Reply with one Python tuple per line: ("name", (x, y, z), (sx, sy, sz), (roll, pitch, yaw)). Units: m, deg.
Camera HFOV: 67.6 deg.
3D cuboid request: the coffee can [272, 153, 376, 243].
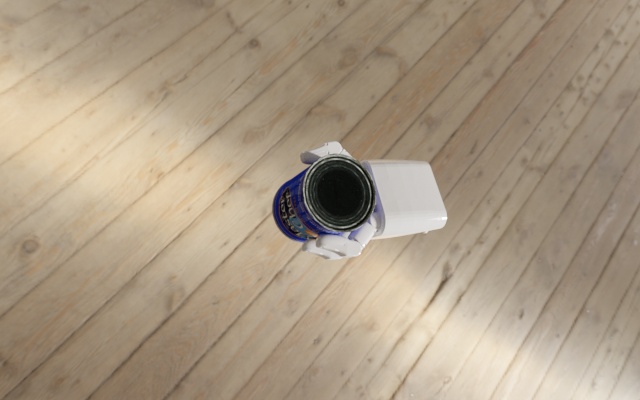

Your objective => Only exact copies are wanted here. Write out the lines from the one containing "Camera HFOV: 67.6 deg." through the end of the material and no others, omitting all pictures.

Written solution =>
Camera HFOV: 67.6 deg.
3D cuboid request: the coffee can [272, 153, 376, 243].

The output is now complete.